23 March 1992 The Minister for Tourism, Alan Griffiths, said
that Australia was at a turning point and that Australians were psychologically
prepared to cut the '12 000-kilometre umbilical cord'. Mr Griffiths
also said Britain had 'cut Australia off at the knees' by joining
the European Community and he supported the attack by the Prime Minister
on its record as a war ally. On the question of why we have not had
civil war in Australia he said 'the reason why we haven't had civil
wars is that Australians are basically sensible people and we've had
differences of opinion but they have usually been over football or
things like that'.(77)
24 March 1992 The Leader of the National Party, Tim Fischer,
said that 'Keating's move to cut the gordian knot that has seen this
country evolve free of division, full of pride in its achievements
with a truly democratic government and a sense of belonging can only
mean one thing and that is he is intent on destabilising the Australian
nation...;For one who loves the beauty and craftsmanship of antique
French clocks it seems strange he cannot appreciate the civility offered
by years of tradition and refinement that has been steeped in chivalry,
democracy and freedom.'(78)
25 March 1992 English cricketers Graham Gooch and Ian Botham
walked out of the World Cup cricket final dinner in protest against
a comedy sketch by royal impersonator Gerry Connolly. The English
cricket manager said that 'We thought it entirely in poor taste for
an occasion like this.'(79)
15 March 1992 Opposition leader Dr Hewson said that he would
not object to Australia becoming a republic if it became clear that
most Australians supported the change but that the change was not
inevitable and that Australia continued to be served well by the constitutional
monarchy.(80)
29 March 1992 The Australian Republican Movement South Australian
Campaign Launch proposed:
'...;that by 1 January 2001-the first day of the 21st century and
the centenary of the proclamation of federation-Australia shall become
an independent republic.'(81)
31 March 1992 According to a Bulletin poll, 41 per cent of
Australians believed that Australia should become a republic, 45 per
cent were opposed to the change and 14 per cent were uncommitted.

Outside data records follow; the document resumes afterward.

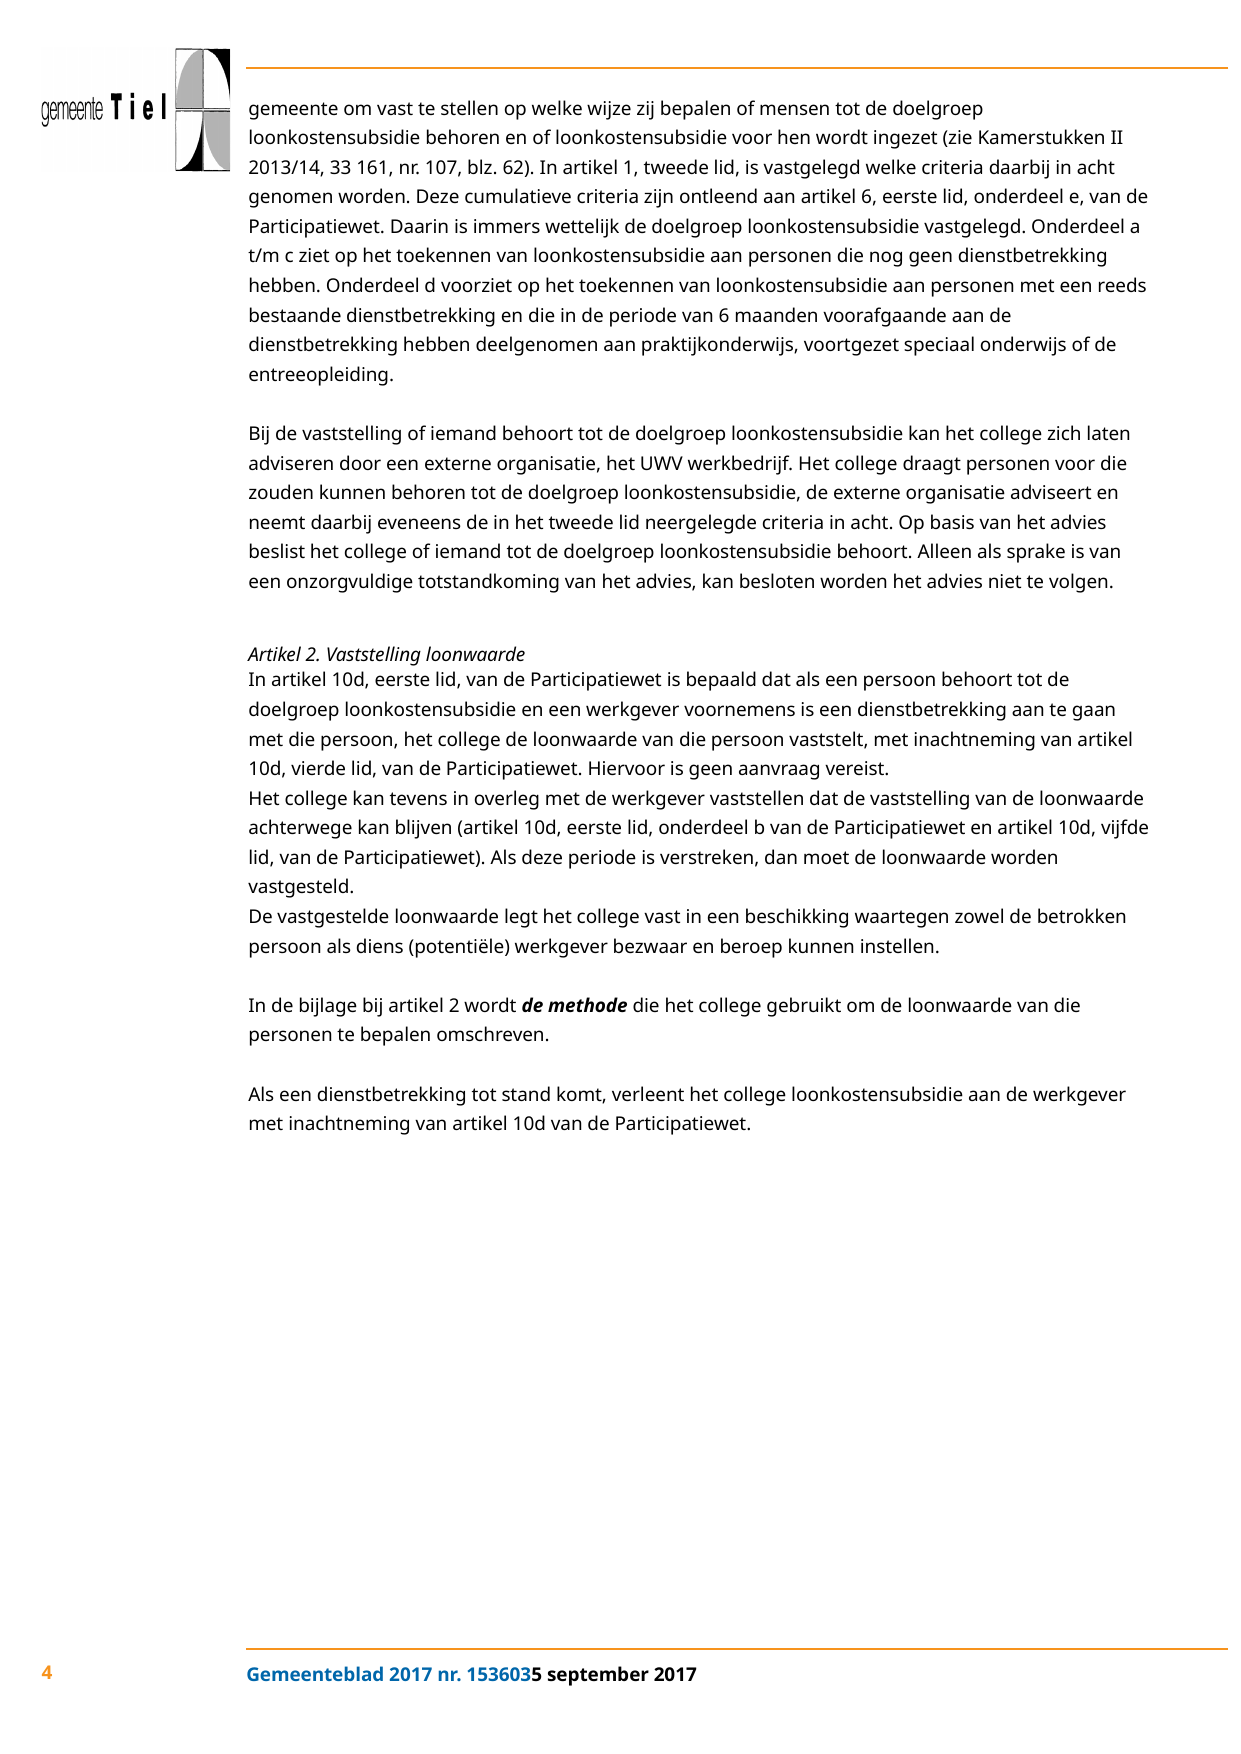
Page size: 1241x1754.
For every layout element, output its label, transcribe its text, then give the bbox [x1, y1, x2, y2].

text Het college kan tevens in overleg met de werkgever vaststellen dat de vaststelling van de loonwaarde achterwege kan blijven (artikel 10d, eerste lid, onderdeel b van de Participatiewet en artikel 10d, vijfde lid, van de Participatiewet). Als deze periode is verstreken, dan moet de loonwaarde worden vastgesteld. [248, 785, 1152, 899]
text Als een dienstbetrekking tot stand komt, verleent het college loonkostensubsidie aan de werkgever met inachtneming van artikel 10d van de Participatiewet. [248, 1081, 1152, 1136]
text Bij de vaststelling of iemand behoort tot de doelgroep loonkostensubsidie kan het college zich laten adviseren door een externe organisatie, het UWV werkbedrijf. Het college draagt personen voor die zouden kunnen behoren tot de doelgroep loonkostensubsidie, de externe organisatie adviseert en neemt daarbij eveneens de in het tweede lid neergelegde criteria in acht. Op basis van het advies beslist het college of iemand tot de doelgroep loonkostensubsidie behoort. Alleen als sprake is van een onzorgvuldige totstandkoming van het advies, kan besloten worden het advies niet te volgen. [248, 420, 1152, 594]
text In de bijlage bij artikel 2 wordt de methode die het college gebruikt om de loonwaarde van die personen te bepalen omschreven. [248, 992, 1152, 1047]
text In artikel 10d, eerste lid, van de Participatiewet is bepaald dat als een persoon behoort tot de doelgroep loonkostensubsidie en een werkgever voornemens is een dienstbetrekking aan te gaan met die persoon, het college de loonwaarde van die persoon vaststelt, met inachtneming van artikel 10d, vierde lid, van de Participatiewet. Hiervoor is geen aanvraag vereist. [248, 667, 1152, 781]
text De vastgestelde loonwaarde legt het college vast in een beschikking waartegen zowel de betrokken persoon als diens (potentiële) werkgever bezwaar en beroep kunnen instellen. [248, 903, 1152, 958]
picture [41, 47, 231, 172]
text gemeente om vast te stellen op welke wijze zij bepalen of mensen tot de doelgroep loonkostensubsidie behoren en of loonkostensubsidie voor hen wordt ingezet (zie Kamerstukken II 2013/14, 33 161, nr. 107, blz. 62). In artikel 1, tweede lid, is vastgelegd welke criteria daarbij in acht genomen worden. Deze cumulatieve criteria zijn ontleend aan artikel 6, eerste lid, onderdeel e, van de Participatiewet. Daarin is immers wettelijk de doelgroep loonkostensubsidie vastgelegd. Onderdeel a t/m c ziet op het toekennen van loonkostensubsidie aan personen die nog geen dienstbetrekking hebben. Onderdeel d voorziet op het toekennen van loonkostensubsidie aan personen met een reeds bestaande dienstbetrekking en die in de periode van 6 maanden voorafgaande aan de dienstbetrekking hebben deelgenomen aan praktijkonderwijs, voortgezet speciaal onderwijs of de entreeopleiding. [248, 95, 1152, 387]
text Artikel 2. Vaststelling loonwaarde [248, 641, 1152, 667]

These results compared with 1979 when a similar poll disclosed 31
per cent in favour, 61 per cent against and 8 per cent uncommitted.(82)

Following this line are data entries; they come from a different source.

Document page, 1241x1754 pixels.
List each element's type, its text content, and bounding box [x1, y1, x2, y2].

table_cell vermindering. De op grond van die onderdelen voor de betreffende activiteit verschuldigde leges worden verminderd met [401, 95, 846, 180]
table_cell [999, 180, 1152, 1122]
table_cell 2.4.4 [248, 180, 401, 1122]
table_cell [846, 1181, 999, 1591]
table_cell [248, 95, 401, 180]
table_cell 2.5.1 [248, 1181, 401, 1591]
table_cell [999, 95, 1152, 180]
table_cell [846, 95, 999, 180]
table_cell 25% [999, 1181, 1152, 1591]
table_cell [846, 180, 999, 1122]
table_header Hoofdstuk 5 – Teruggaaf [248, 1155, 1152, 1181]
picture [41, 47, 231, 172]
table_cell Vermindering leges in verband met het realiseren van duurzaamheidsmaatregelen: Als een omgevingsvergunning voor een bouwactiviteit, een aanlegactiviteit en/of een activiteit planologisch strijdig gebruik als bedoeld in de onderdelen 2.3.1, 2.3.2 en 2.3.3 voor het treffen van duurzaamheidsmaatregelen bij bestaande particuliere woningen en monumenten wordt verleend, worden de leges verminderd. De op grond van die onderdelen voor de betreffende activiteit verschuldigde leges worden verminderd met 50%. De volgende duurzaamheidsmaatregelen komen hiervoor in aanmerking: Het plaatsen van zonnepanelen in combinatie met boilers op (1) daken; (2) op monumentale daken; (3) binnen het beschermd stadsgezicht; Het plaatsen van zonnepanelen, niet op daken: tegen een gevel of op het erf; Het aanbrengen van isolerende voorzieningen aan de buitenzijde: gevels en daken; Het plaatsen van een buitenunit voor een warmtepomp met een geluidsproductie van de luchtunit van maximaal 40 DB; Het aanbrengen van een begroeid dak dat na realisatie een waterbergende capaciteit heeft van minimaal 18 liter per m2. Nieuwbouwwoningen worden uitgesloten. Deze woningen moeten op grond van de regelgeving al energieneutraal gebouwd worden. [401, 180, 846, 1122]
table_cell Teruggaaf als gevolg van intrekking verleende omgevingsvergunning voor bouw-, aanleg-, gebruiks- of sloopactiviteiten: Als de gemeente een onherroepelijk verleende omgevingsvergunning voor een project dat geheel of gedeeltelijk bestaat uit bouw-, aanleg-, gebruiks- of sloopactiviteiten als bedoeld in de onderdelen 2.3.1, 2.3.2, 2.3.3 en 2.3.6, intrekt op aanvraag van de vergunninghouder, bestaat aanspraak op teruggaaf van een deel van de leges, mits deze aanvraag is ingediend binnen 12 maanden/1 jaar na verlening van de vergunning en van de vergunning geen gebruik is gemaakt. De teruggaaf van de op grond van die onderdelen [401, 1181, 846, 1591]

3 April 1992 The Governor-General, Bill Hayden was 'stricken
with despair' on hearing that moves had been made to ban him from
official ANZAC day ceremonies in Ipswich for making 'pro-republican
statements'.(83)
4 April 1992 Ministers in the Indonesian Government expressed
'delight' at the Prime Minister's urgings that Australia become a
more independent nation.(84)
5 April 1992 Former Prime Minister Bob Hawke wrote that:
I said myself as Prime Minister on a number of occasions that it was
inevitable and appropriate that Australia would become a republic
within the Commonwealth. Inevitable, because increasingly younger
generations of Australians, particularly for those from a non-British
background, the idea of sharing another country's head of state doesn't
make much sense. Appropriate, because our proper sense of robust national
sovereign independence is not complete until Australia does have its
own entirely separate head of state.' Mr Hawke said that he did not
believe the issues was one of 'overwhelming urgency' and that the
timing of the change to a republic should be when the reign of the
current sovereign ends.(85)
7 April 1992 The Prime Minister, Paul Keating said, referring
to Mr Hawke, 'I never heard a peep out of him about the flag or our
constitutional future when he was Prime Minister, but he's got plenty
of views now'. On the timing of the republic, the Prime Minister said
that to wait until the reign of the Queen finishes 'could be a very
long time from now.'(86)
8 April 1992 The leader of the Australian Democrats, Senator
John Coulter, told the Australian that most Democrats were
'soft Republicans'.(87)
12 April 1992 RSL members barred republican supporters from
entering their clubs on Anzac day.(88)
23 April 1992 Academic Dr John Hirst wrote that:
...;as the sensible multiculturalist recognises, our fundamental institutions
and values, which all citizens must support, are the old (and British)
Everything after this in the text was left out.